News OT World
News International chief executive Rebekah Brooks has said she is "sickened" by the alleged hacking of Milly Dowler's phone while the teenager was missing in 2002, but has said that she won't heed calls for her to step down.

In an internal email to staff, Brooks said she had written to Dowler's family to assure them that News International would "vigorously pursue the truth and that they will be the first to be informed of the outcome of our investigation".

She acknowledged the "devastating effect" of the practice on the family, but said she would not be resigning from her position.

"I am aware of the speculation about my position.

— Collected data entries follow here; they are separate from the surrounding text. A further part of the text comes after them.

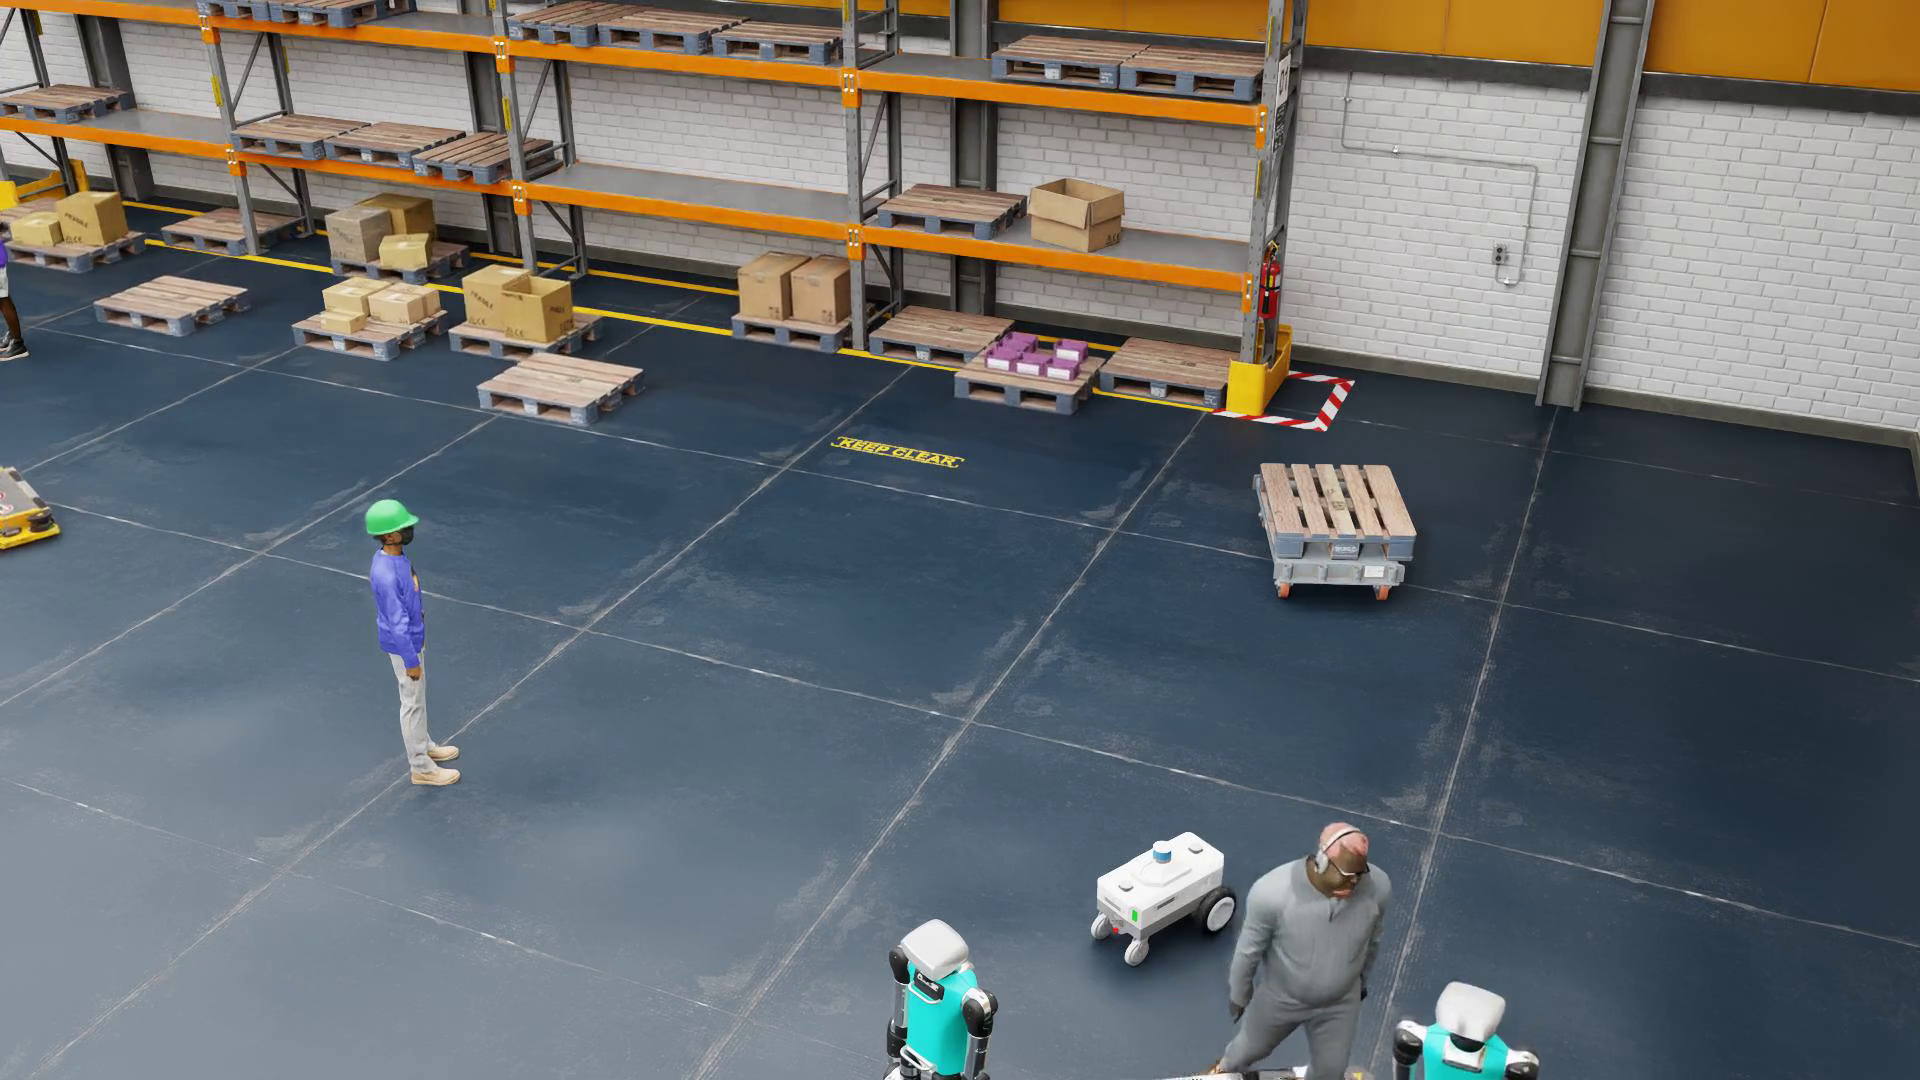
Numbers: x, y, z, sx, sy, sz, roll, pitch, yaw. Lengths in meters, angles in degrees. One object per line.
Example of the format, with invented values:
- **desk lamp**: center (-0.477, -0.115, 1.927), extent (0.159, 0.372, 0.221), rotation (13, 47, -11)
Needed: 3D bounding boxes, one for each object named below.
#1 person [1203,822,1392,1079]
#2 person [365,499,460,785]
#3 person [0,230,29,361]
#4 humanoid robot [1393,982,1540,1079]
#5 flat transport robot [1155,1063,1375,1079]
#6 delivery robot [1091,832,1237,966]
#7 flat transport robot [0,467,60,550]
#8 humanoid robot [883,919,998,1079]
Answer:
- **person**: center (1.522, 1.933, 7.452), extent (0.672, 1.871, 0.659), rotation (-3, 27, -5)
- **person**: center (-3.304, 0.613, 9.996), extent (0.340, 1.876, 0.461), rotation (-7, 28, -13)
- **person**: center (-9.601, -2.754, 16.422), extent (0.367, 1.966, 0.603), rotation (-15, 31, -26)
- **humanoid robot**: center (1.992, 2.384, 6.704), extent (0.544, 1.785, 0.743), rotation (11, 29, 21)
- **flat transport robot**: center (1.265, 2.755, 7.589), extent (1.431, 0.231, 0.659), rotation (-3, 27, -6)
- **delivery robot**: center (1.079, 1.883, 8.954), extent (0.774, 0.581, 0.499), rotation (-20, 33, -33)
- **flat transport robot**: center (-7.850, -0.263, 13.440), extent (0.659, 0.231, 1.431), rotation (-22, 35, -36)
- **humanoid robot**: center (-0.242, 2.344, 6.640), extent (0.735, 1.677, 0.533), rotation (-24, 36, -38)

Therefore it is important you all know that as chief executive, I am determined to lead the company to ensure we do the right thing and resolve these serious issues.

"We will face up to the mistakes and wrongdoing of the past and we will do our utmost to see that justice is done and those culpable will be punished."

Speaking on BBC Radio 4's the World at One programme this afternoon, News International director of corporate affairs Simon Greenberg echoed Brooks' statement.

"At the moment we don't know all of the facts ... But what I will say is that we are absolutely shocked and appalled and we are absolutely determined to get to the bottom of this."

Greenberg said he "understood" that people were calling for Brooks' resignation, but said "she has been absolutely clear that that is what she won't do ... She is determined to get to the bottom of this issue".

Discussing an internal investigation into the matter launched by Brooks, Greenberg said those working on it were "under no illusion that she is determined that if things went wrong, we will correct them".

Citing a News International executive, BBC business editor Robert Peston reported this morning that New Corp chairman Rupert Murdoch is backing Brooks "100 per cent".

Labour leader Ed Miliband this afternoon called on Brooks to "consider her position" at the company following yesterday's revelations about the Dowler case.

Calling for a public inquiry alongside shadow home secretary Yvette Cooper, Miliband described the episode a "stain" on British journalism and said Brooks should "consider her conscience and consider her position".

Miliband said earlier today that he was "shocked by the news of the hacking of Milly Dowler's phone".

"It beggars belief that anyone would undertake such a cruel and immoral act.

"The police inquiry must get to the bottom of who was responsible for this and who was complicit in it."

In a statement this morning, David Cameron said the claims were "quite, quite shocking".

"On the question of the really appalling allegations about the telephone of Milly Dowler, if they are true, this is a truly dreadful act and a truly dreadful situation.

"What I have read in the papers is quite, quite shocking, that someone could do this actually knowing that the police were trying to find this person and trying to find out what had happened, and we all now know the tragedy that took place."

The Dowler family lawyer Mark Lewis announced yesterday that Milly Dowler's parents, Sally and Robert, would be taking legal action against the News of the World.

According to Lewis, their phones were also targeted by the tabloid and they were made aware of the hacking by the Met police in April, a month before Bellfield went on trial.

The evidence is understood to have come from a cache of 11,000 pages seized by the Met Police's Operation Weeting team from private investigator Glenn Mulcaire when he was arrested in 2006.